* **Exercise goal**
Find the string "many" in the records. Copy every line it appears in.

** Given data follows **

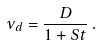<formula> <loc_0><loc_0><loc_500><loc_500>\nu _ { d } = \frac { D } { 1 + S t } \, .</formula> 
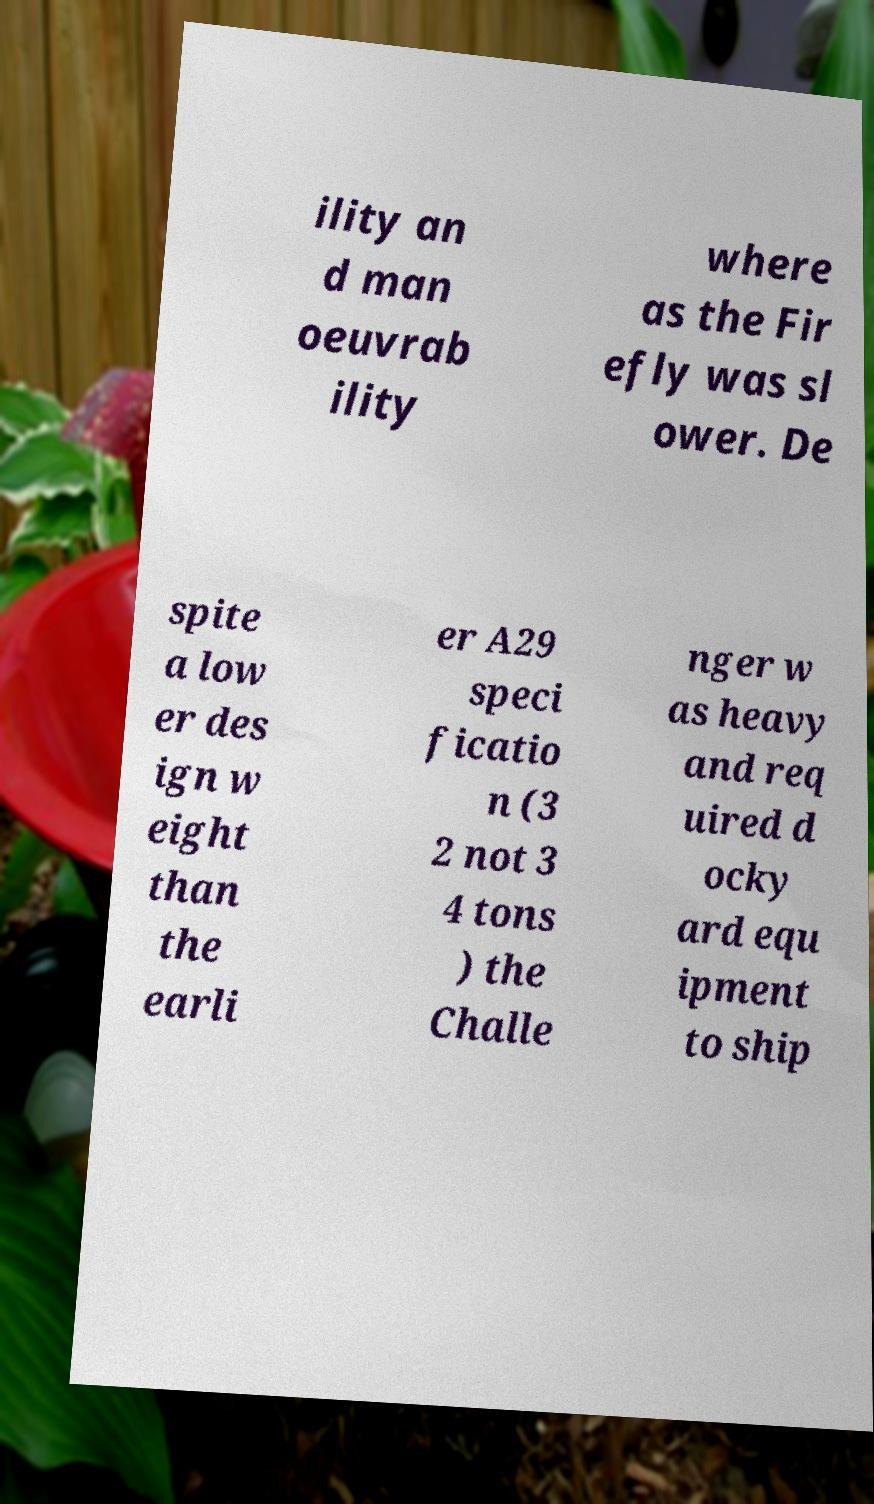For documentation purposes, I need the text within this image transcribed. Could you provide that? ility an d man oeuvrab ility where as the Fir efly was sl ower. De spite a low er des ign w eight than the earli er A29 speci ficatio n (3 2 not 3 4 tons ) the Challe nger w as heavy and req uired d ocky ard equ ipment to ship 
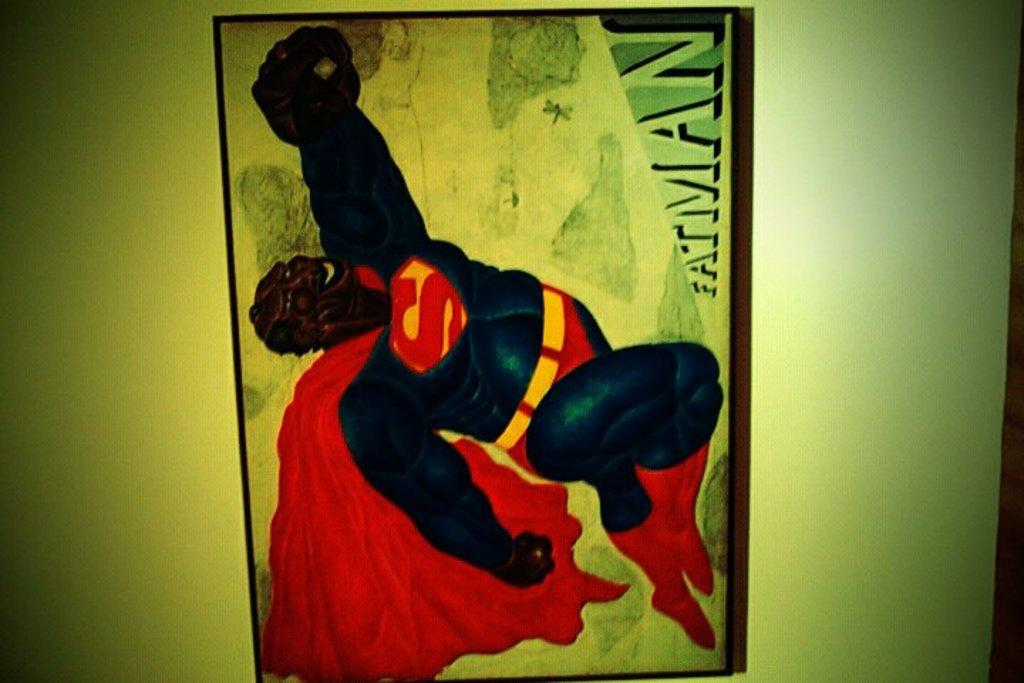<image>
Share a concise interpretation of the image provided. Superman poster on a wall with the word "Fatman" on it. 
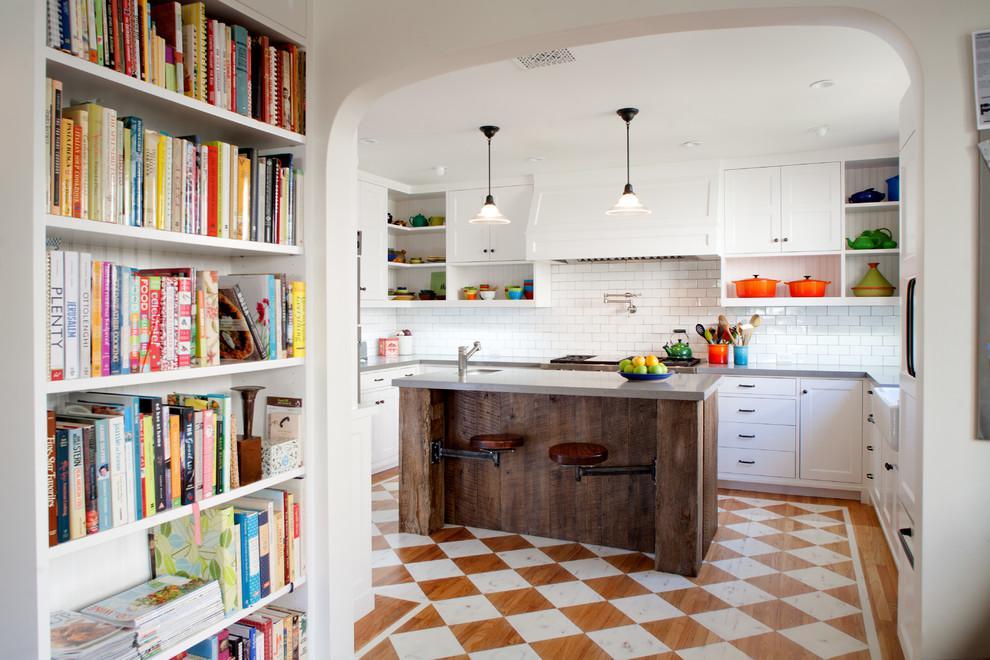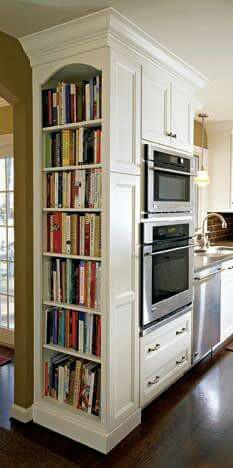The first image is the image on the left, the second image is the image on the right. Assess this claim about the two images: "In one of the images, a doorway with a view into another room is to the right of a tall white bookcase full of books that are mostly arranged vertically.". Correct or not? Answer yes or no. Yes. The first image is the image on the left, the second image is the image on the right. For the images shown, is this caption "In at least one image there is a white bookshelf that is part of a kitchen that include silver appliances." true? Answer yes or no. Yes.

** End of Given data **
** Given data follows **

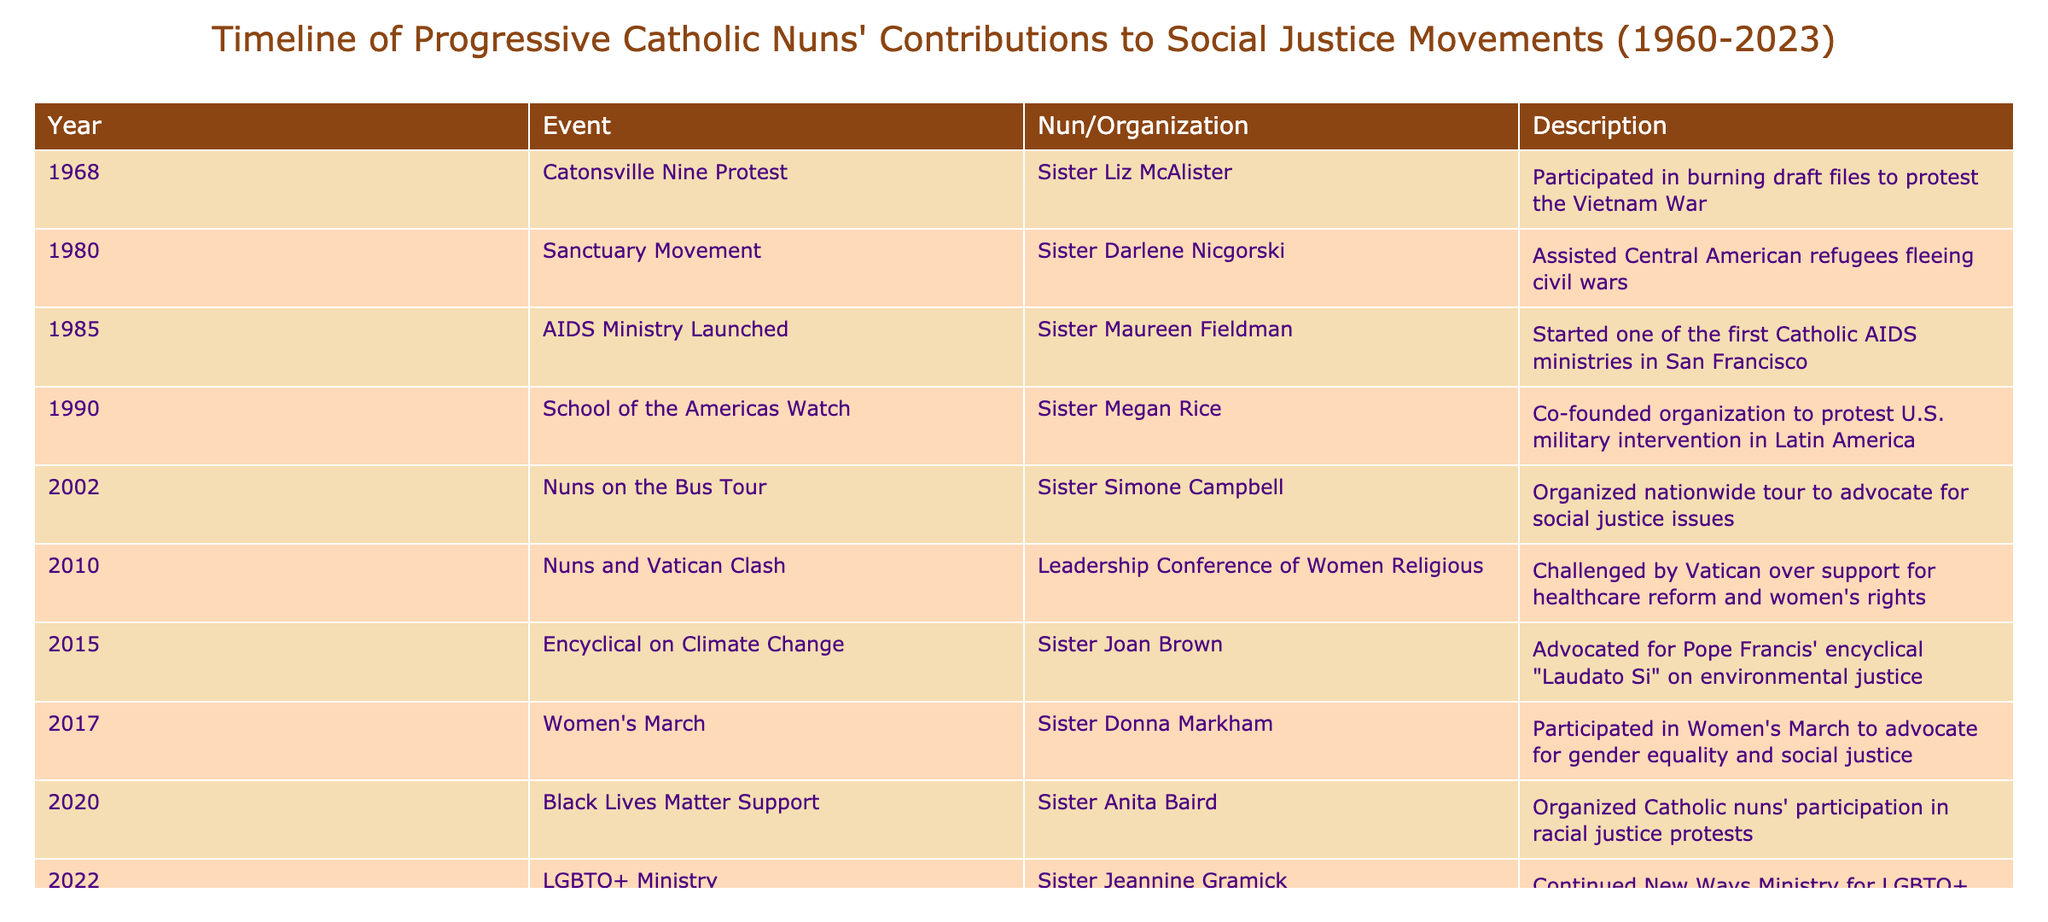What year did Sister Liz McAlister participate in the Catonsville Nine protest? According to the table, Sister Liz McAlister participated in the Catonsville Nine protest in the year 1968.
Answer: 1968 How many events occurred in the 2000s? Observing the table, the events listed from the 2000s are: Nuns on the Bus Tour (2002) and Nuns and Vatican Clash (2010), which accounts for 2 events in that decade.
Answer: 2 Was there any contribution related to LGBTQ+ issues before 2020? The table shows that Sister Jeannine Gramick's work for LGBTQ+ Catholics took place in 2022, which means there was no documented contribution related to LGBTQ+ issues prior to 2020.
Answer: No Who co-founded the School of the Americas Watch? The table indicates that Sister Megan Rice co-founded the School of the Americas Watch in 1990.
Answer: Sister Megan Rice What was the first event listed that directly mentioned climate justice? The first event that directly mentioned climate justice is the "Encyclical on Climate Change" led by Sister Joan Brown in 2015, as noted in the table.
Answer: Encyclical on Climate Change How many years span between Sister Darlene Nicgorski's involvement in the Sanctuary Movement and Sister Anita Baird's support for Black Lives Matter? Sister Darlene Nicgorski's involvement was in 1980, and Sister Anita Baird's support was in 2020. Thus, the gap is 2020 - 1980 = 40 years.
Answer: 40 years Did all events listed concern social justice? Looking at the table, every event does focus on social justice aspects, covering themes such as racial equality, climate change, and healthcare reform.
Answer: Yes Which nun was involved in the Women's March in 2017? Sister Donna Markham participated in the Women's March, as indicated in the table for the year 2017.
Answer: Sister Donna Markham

** End of Given data **

* **Result for this exercise**
Answer: 1968 How many events occurred in the 2000s? Observing the table, the events listed from the 2000s are: Nuns on the Bus Tour (2002) and Nuns and Vatican Clash (2010), which accounts for 2 events in that decade.
Answer: Encyclical on Climate Change How many years span between Sister Darlene Nicgorski's involvement in the Sanctuary Movement and Sister Anita Baird's support for Black Lives Matter? Sister Darlene Nicgorski's involvement was in 1980, and Sister Anita Baird's support was in 2020. Thus, the gap is 2020 - 1980 = 40 years.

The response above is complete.